As we all know, CIOs of US healthcare systems are facing a convergence of challenges more difficult than many faced by their predecessors, including Meaningful Use, Affordable Care Act pilot programs, adapting to mobile health trends, and hiring enough IT pros to make all this happen.
To get a sense of how CIOs are managing these difficult problems, the Deloitte Center for Health Solutions conducted interviews with 12 CIOs, representing four academic medical centers, seven regional not-for-profit health and hospital systems, and a Catholic hospital system.
To cope with the onslaught, they learned, CIOs are focusing on complying with regulations, building out their IT infrastructure to meet coming demands, and preparing for an accountable care–centered business environment, Deloitte found.
When it comes to regulatory preparation, the CIOs interviewed by Deloitte seem to have their act together. In fact, 11 of 12 CIOs interviewed rated their organization’s preparedness for meeting Meaningful Use requirements is “very prepared” or “prepared.”
However, this preparedness is coming at a high price. CIOs are investing major amounts of time and energy in complete updates to their current systems, including EMRs, practice management systems, billing systems and more. This work is made more difficult by the need for hospitals and health systems to implement ICD–10.

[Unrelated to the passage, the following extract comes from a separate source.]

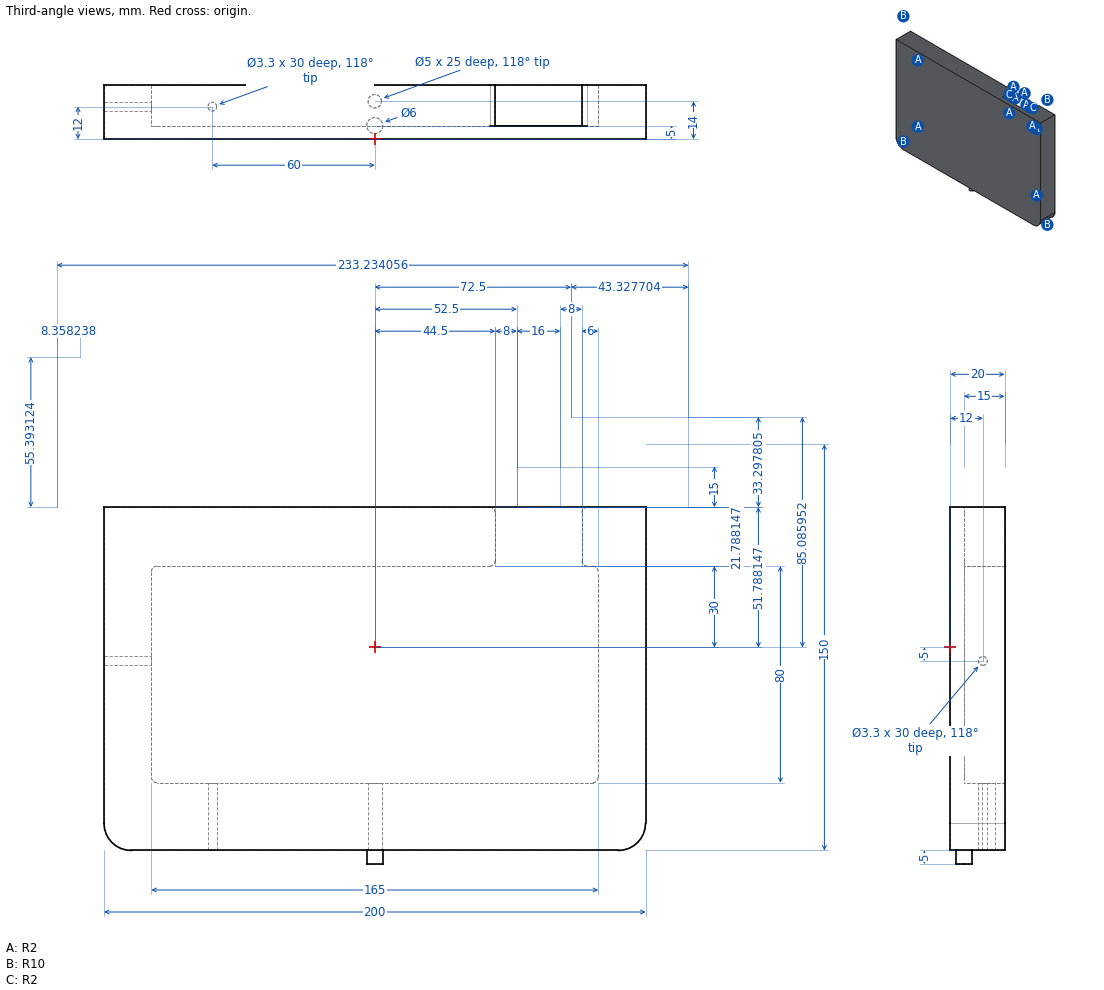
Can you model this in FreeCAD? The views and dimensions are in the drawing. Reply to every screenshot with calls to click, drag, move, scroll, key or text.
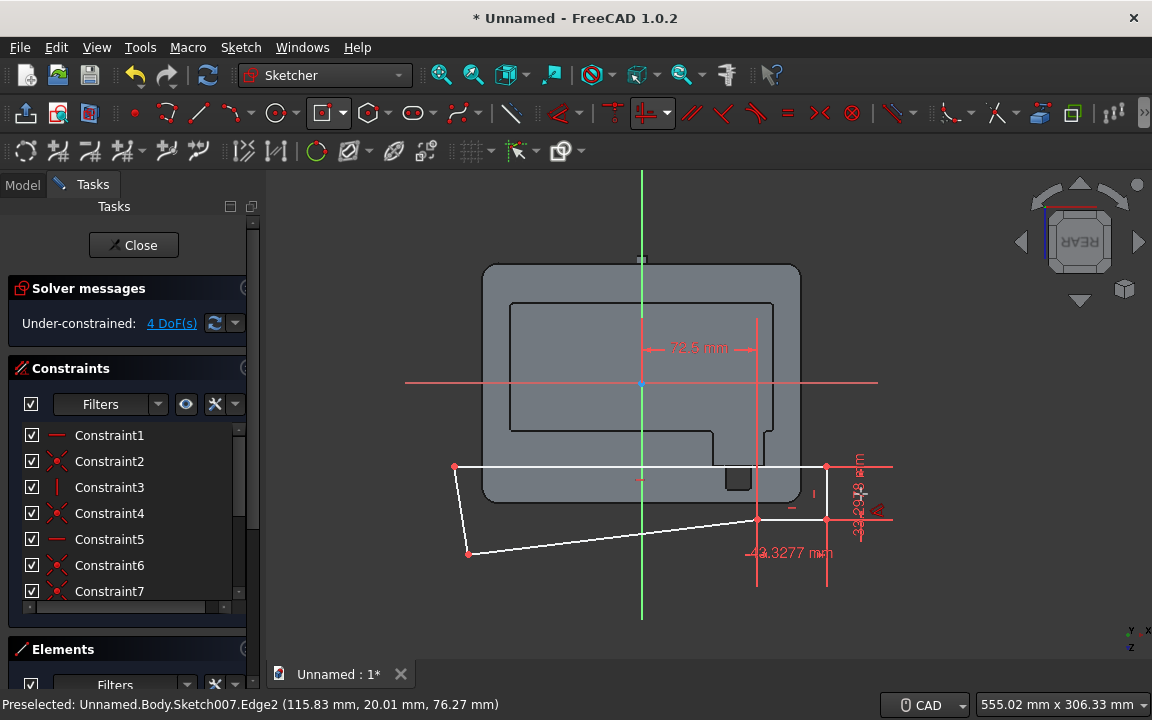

Other key activities cited by the CIOs including using new systems effectively and efficiently, updating and enhancing management capabilities, and strengthening oversight and governance. The CIOs are also upgrading the protections against fraud and abuse and securing PHI more aggressively, Deloitte reports.
Yet another challenging initiative undertaken by the CIOs – one which should eat up perhaps the most money and time long-term – is preparing for an accountable care environment which will require providers to demonstrate the quality and value of the care their institutions provide.
To meet these needs, CIOs are acquiring applications which can support clinical integration, population health management, disease management and care coordination across all of the institutions’ services, Deloitte notes.